И уж совсем стал серьезным Михаил Никифорович после разговора со своим харьковским однокашником Сергеем Батуриным. Батурин был биохимик и работал теперь в институте на Пироговке. Михаил Никифорович его уважал. Они столкнулись на Кировской, поинтересовались делами друг друга и решили зайти в шашлычную «Ласточка», ту, что напротив Сретенского монастыря.
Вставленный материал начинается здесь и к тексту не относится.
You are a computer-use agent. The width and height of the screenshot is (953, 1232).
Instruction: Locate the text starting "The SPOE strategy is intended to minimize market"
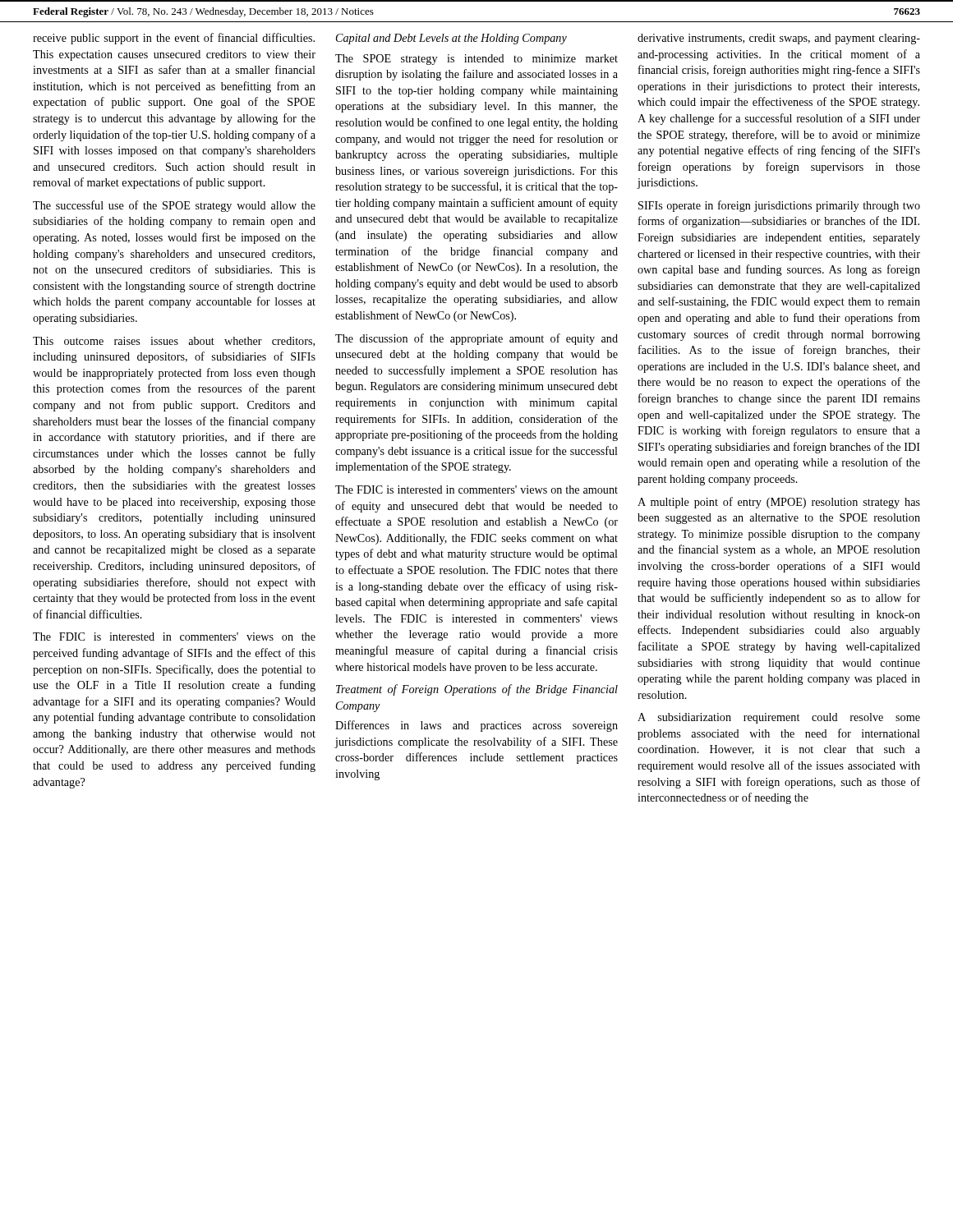coord(476,187)
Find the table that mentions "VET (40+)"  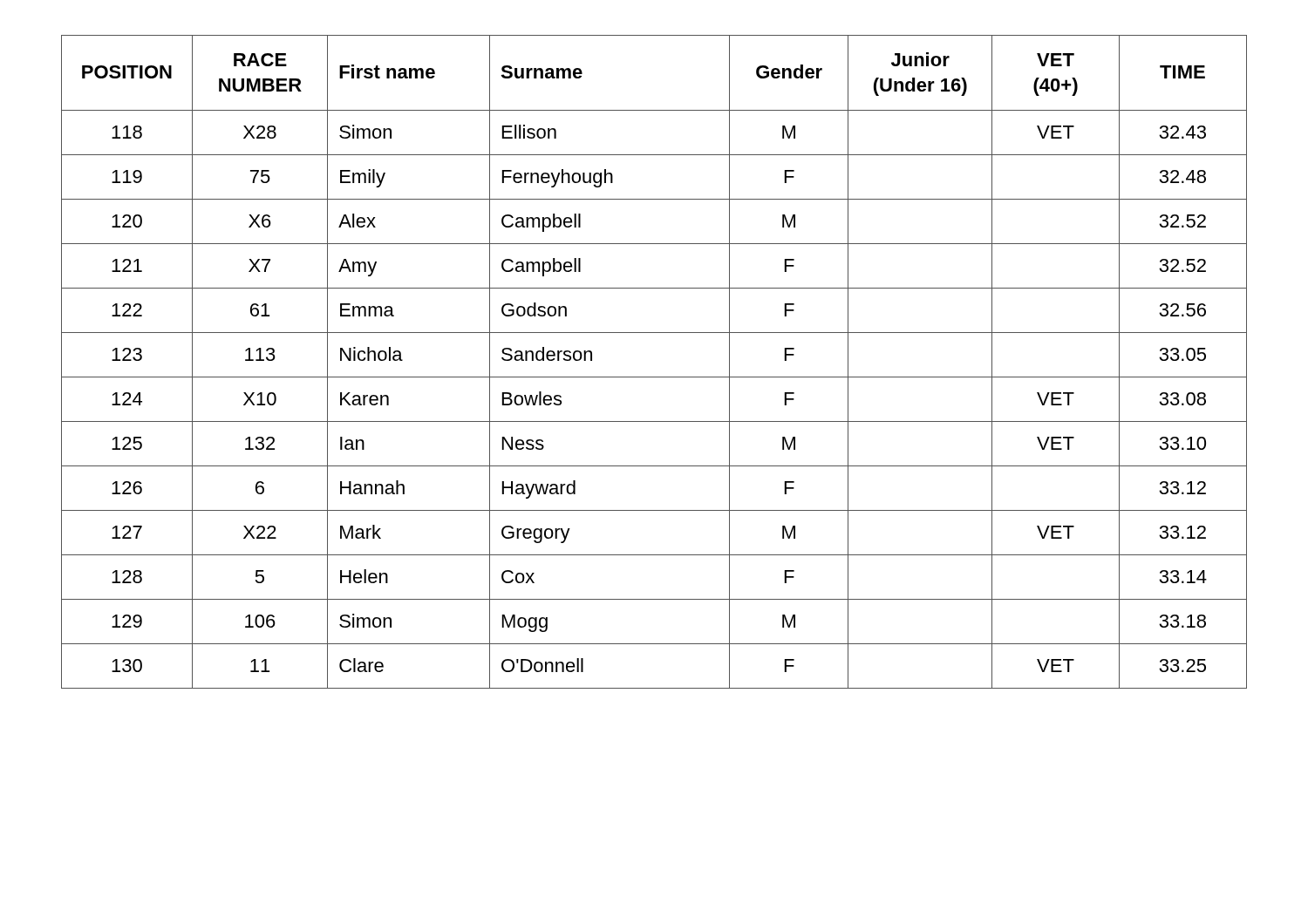click(x=654, y=362)

— Слушай, что за штука сандратол? — спросил Михаил Никифорович в ожидании закусок и горячего. Напиток в продуктовом магазине был заготовлен свой и пребывал пока в укрытии в портфеле Батурина.
— Сандратол?
— Югославского производства по швейцарской лицензии.
— Не знаю. Не слыхал. Наш институт получает информацию со всего света. Такого препарата, видно, нет.
— Раз Лошаки говорят, значит, есть. Или будет.
— Кто такие Лошаки?
Михаил Никифорович объяснил, кто такие Лошаки. А уже были поданы маслины.